### What is expected
Retype each line of the material exactly, please, skipping any picture in it.

### Material shown
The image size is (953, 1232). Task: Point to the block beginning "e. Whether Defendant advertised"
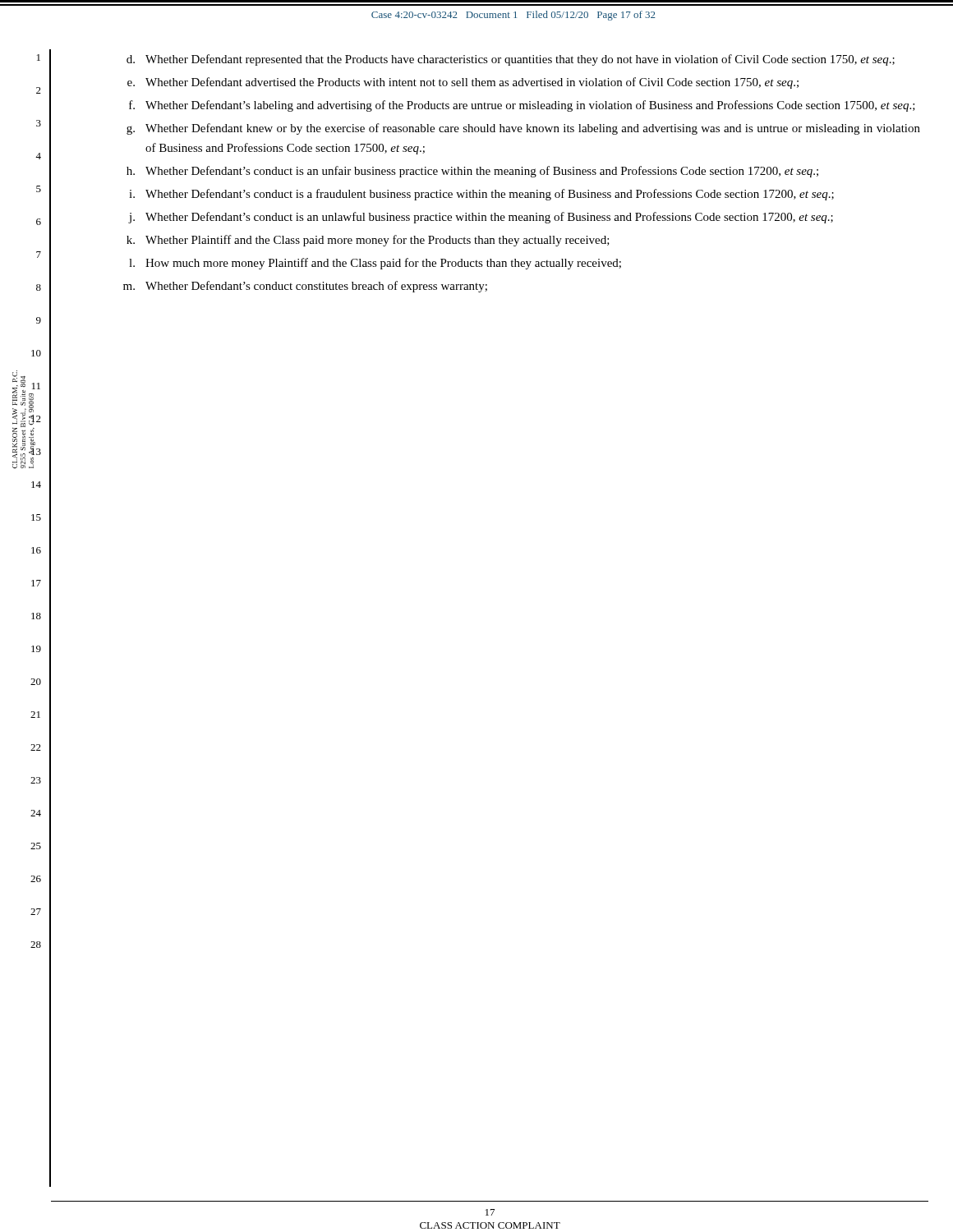(x=497, y=82)
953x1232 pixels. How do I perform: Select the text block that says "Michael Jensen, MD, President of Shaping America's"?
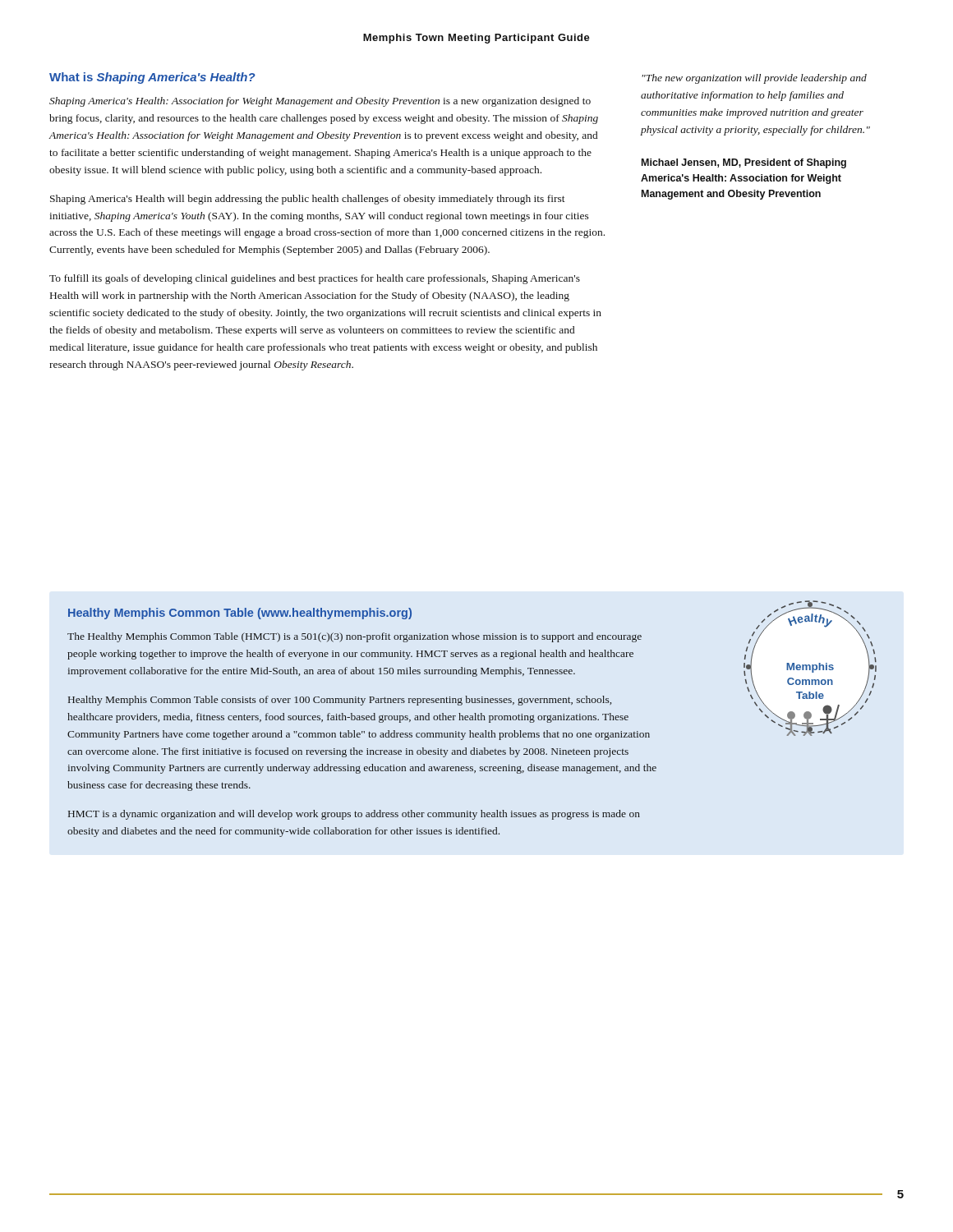744,178
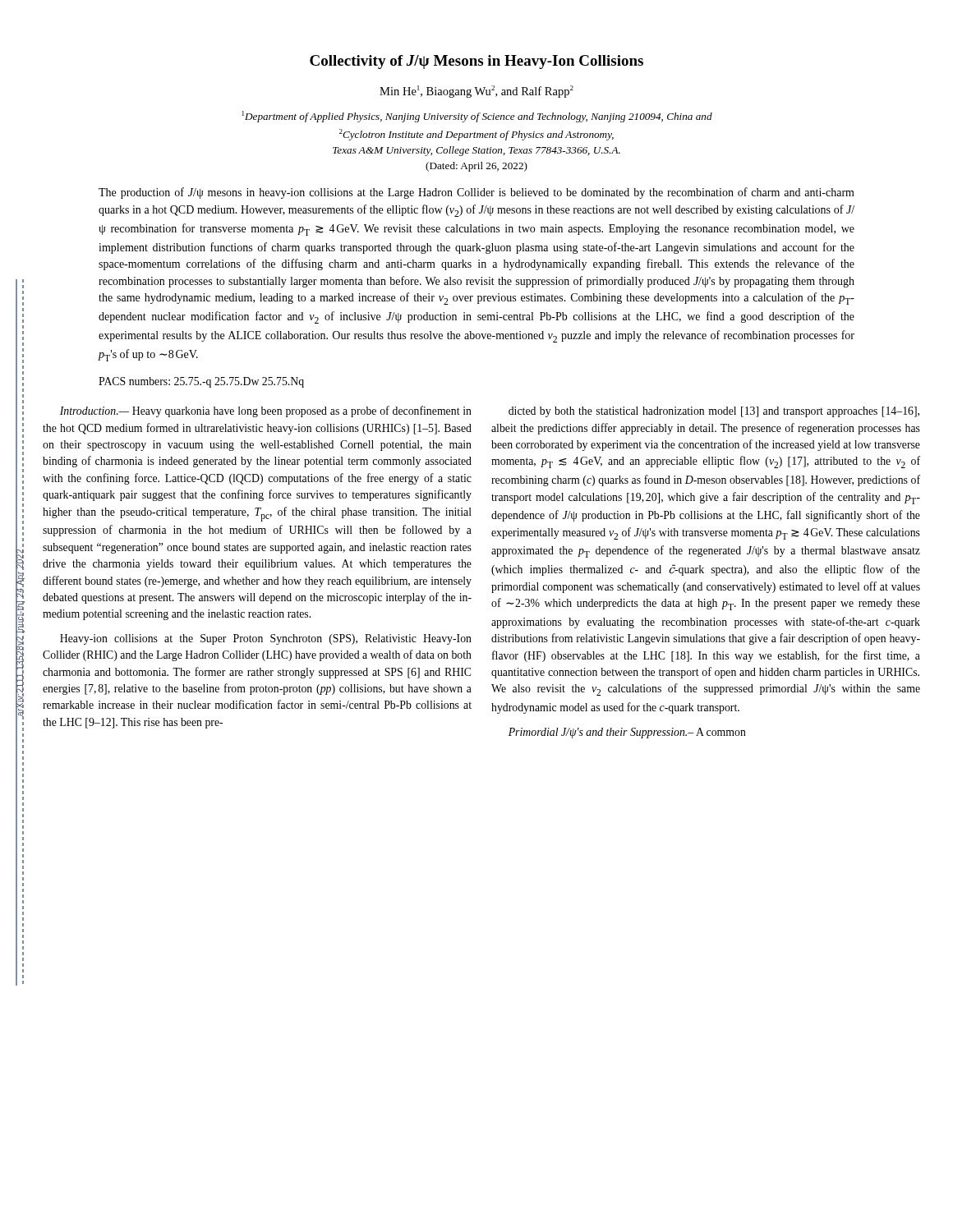This screenshot has height=1232, width=953.
Task: Select the region starting "1Department of Applied"
Action: point(476,115)
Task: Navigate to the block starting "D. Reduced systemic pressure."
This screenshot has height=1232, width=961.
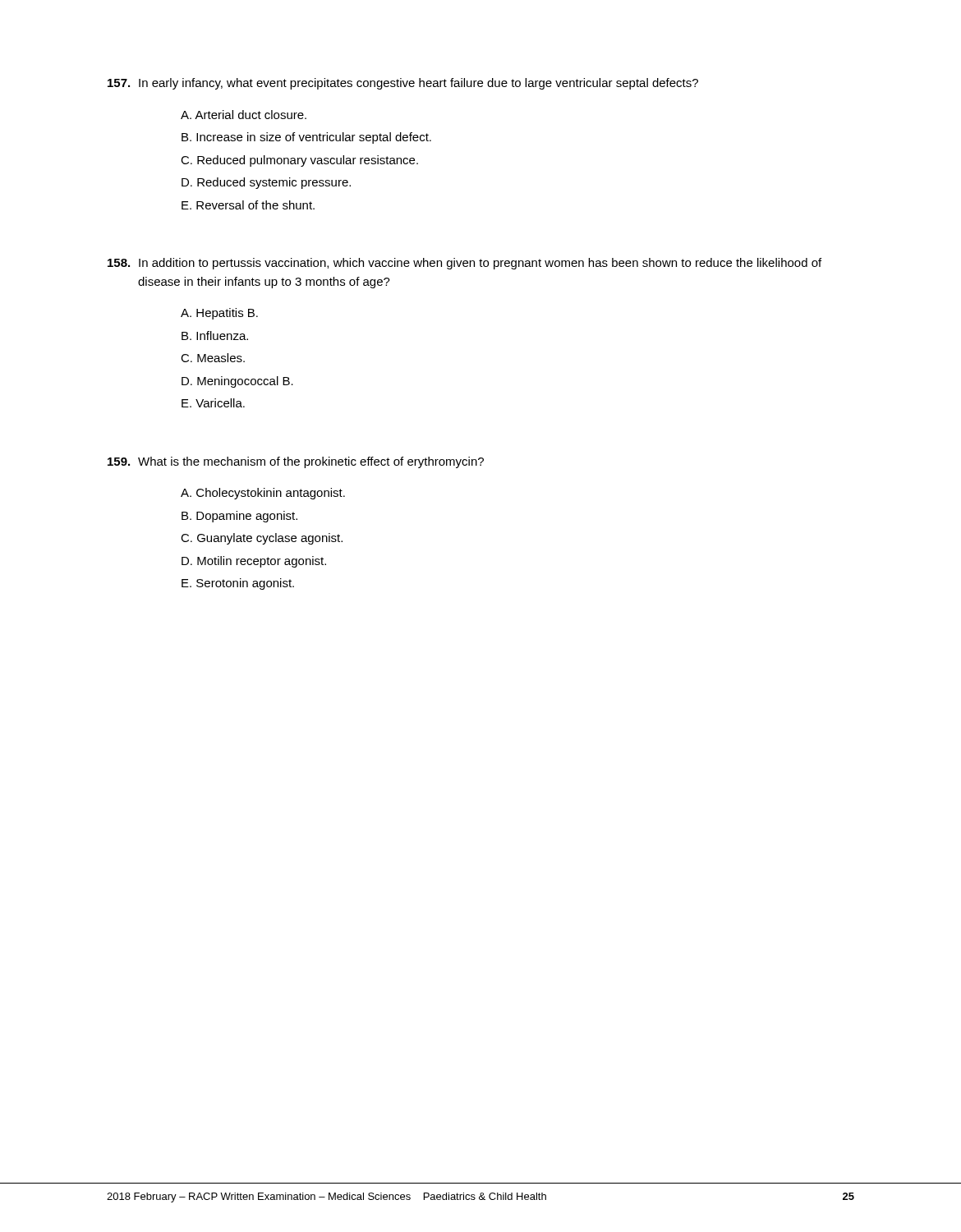Action: [x=266, y=182]
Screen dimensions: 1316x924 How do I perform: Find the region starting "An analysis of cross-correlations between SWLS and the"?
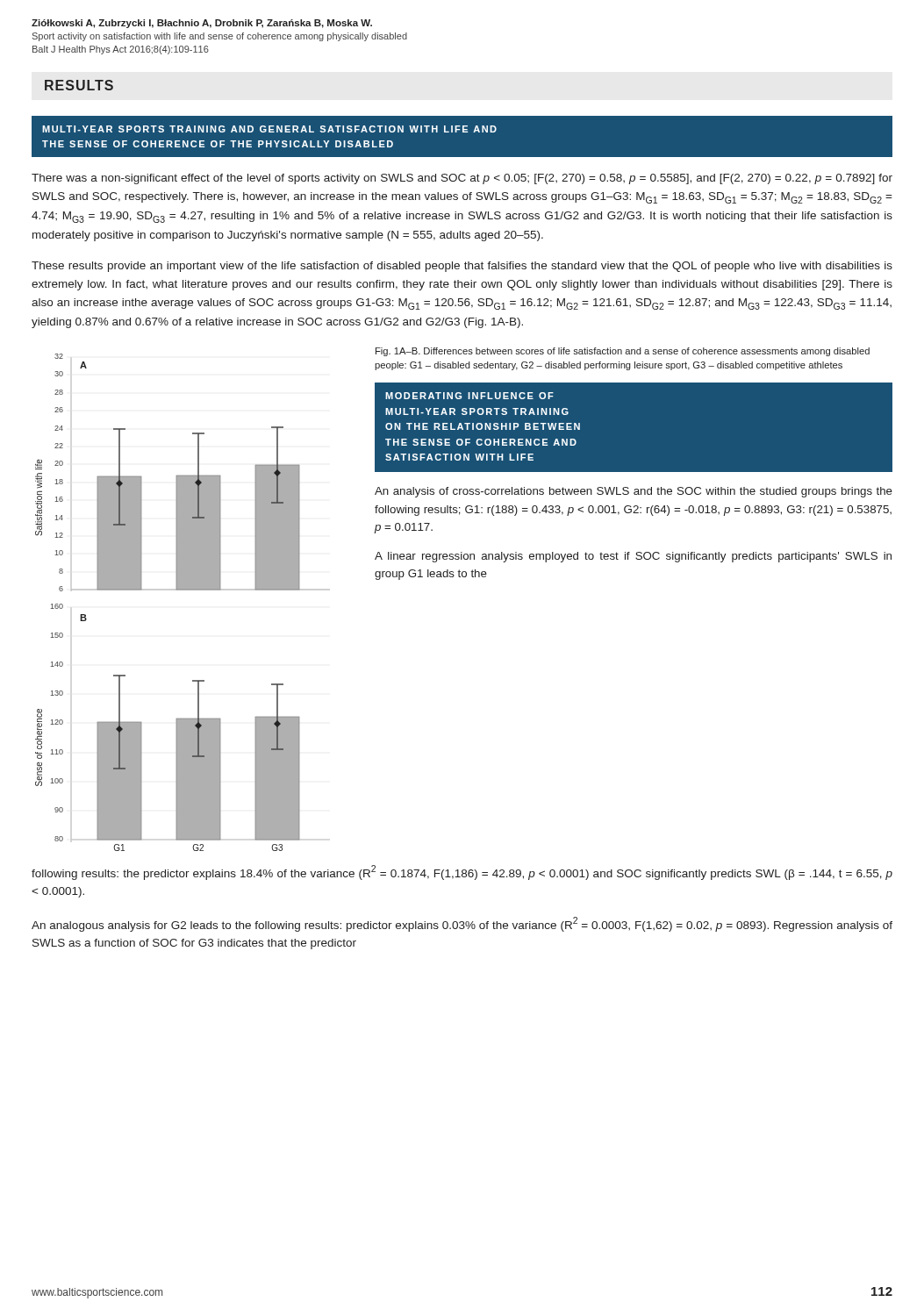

### Output for this task
The image size is (953, 1232). Task: Point to the block beginning "e. Whether Defendant advertised"
(x=497, y=82)
953x1232 pixels. How do I perform: Select the text block that says "Michael Jensen, MD, President of Shaping America's"?
744,178
This screenshot has height=1232, width=953.
Task: Select the region starting "1Department of Applied"
Action: point(476,115)
Task: Navigate to the block starting "D. Reduced systemic pressure."
This screenshot has height=1232, width=961.
Action: [x=266, y=182]
Screen dimensions: 1316x924 How do I perform: Find the region starting "An analysis of cross-correlations between SWLS and the"?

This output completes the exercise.